Heard before the Hon. Wade Keyes.
This bill was filed by Lewis J. Leaird against Edward B. Young, alleging that, in 1846, Clealand & Danforth obtained a judgment against one John M. Moore, which Moore enjoined by bill in equity; that complainant became surety for said Moore on the injunction bond in said suit; that Moore, being about to remove from the country in 1848, placed a slave in the hands of Young, “for the purpose of holding complainant harmless in the premises,” and Young promised and agreed to hold the slave for that purpose; that in 1850, Moore having in the meantime died insolvent, and judgment having been rendered against complainant on said injunction bond, Young refused to carry out the trust for his benefit, or to indemnify him in any manner; that the matters in controversy between complainant and A oung, growing out of these transactions, wore submitted to arbitration, and the arbitrators made an award in the premises; that this award is not binding on complainant, “because it was decided against the law, in requiring him to prove that Young had possession of said negro when the bill was dismissed, or could have had the possession of him by the use of due diligence”; that Young, “without regard to his duty as trustee, and for the purpose of defrauding complainant, has permitted said negro to pass out of his possession since the arbitrament”; that Young “fraudulently concealed from complainant the fact that he had permitted said negro to pass out of his possession, and this fact did not come to complainant’s knowledge until after the arbitrament”; and that complainant tendered to Young, for his signature, a conveyance such as the award required him to execute, but Young refused to sign it. The prayer of the bill is, “that said award be annulled, or, in default thereof, that said Young be compelled to a specific performance of the same.”

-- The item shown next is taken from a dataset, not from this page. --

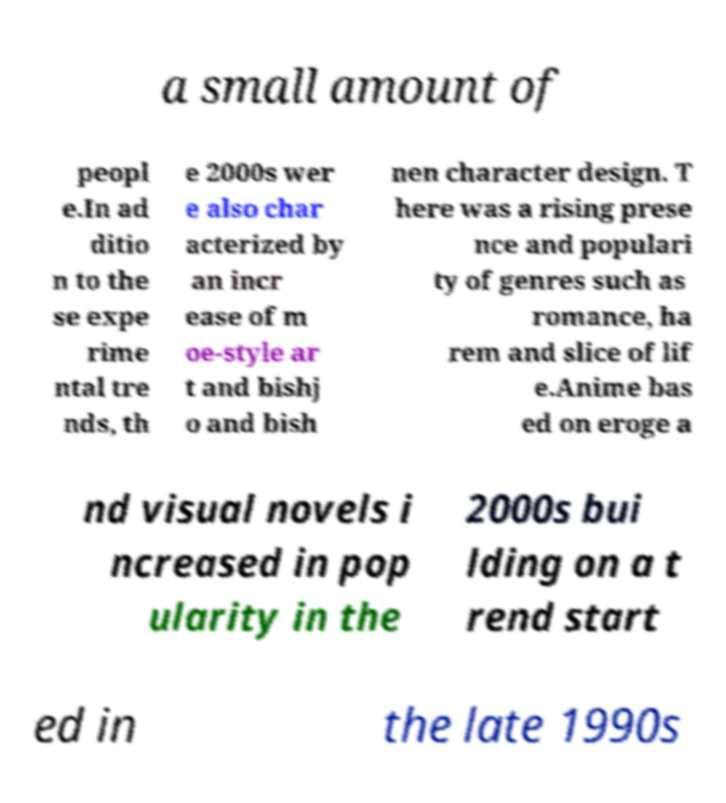Can you read and provide the text displayed in the image?This photo seems to have some interesting text. Can you extract and type it out for me? a small amount of peopl e.In ad ditio n to the se expe rime ntal tre nds, th e 2000s wer e also char acterized by an incr ease of m oe-style ar t and bishj o and bish nen character design. T here was a rising prese nce and populari ty of genres such as romance, ha rem and slice of lif e.Anime bas ed on eroge a nd visual novels i ncreased in pop ularity in the 2000s bui lding on a t rend start ed in the late 1990s

The award, which is made an exhibit to the bill, is as follows:
“In the matter submitted to the undersigned, as arbitrators, between Lewis J. Leaird and Edward B. Young, they find the following to be the facts : That Clealand & Danforth recovered a judgment against John M. Moore, which Moore enjoined by bill in equity, with Leaird as his surety on the injunction bond; that Moore, while this suit in equity was pending, made an absolute bill of sale for a negro boy to Young, the intent and meaning of which was, that the negro was to be sold by Young, in case it should become necessary to pay Young a debt due to him by Moore for about $80, and the balance be applied to the Clealand & Danforth judgment, should the same be recoverable out of Moore by a dismissal of his bill; and that the negro has been run off .to parts unknown to Young, without his knowledge or permission, and is not within his reach. Upon these facts we decide, that Young did not have the right of possession and sale of the negro, until the bill in equity was dismissed; and that the question is, whether Young, after the dismissal of the bill, could have obtained possession of the negro by the exercise of due diligence. There is no evidence upon this point; and it being Mr. Leaird’s duty to establish this point, and thereby show a breach of duty by Young as trustee, the arbitrators decide, that Mr. Young is not liable, upon the evidence, to pay Mr. Leaird the amount advanced by him on the Clealand & Danforth. judgment. But, if within tlie scope of cur power, we direct Mr. Young to give Mr. Leaird the benefit of his bill of sale, to the extent of his demand, by assignment, power of attorney, or otherwise, as the parties may think proper; Young not to be held responsible for good title to the negro, if it should be found that Moore’s title to him was not good at the time the bill of sale was made to Young. Witness our hands and seals,” &c.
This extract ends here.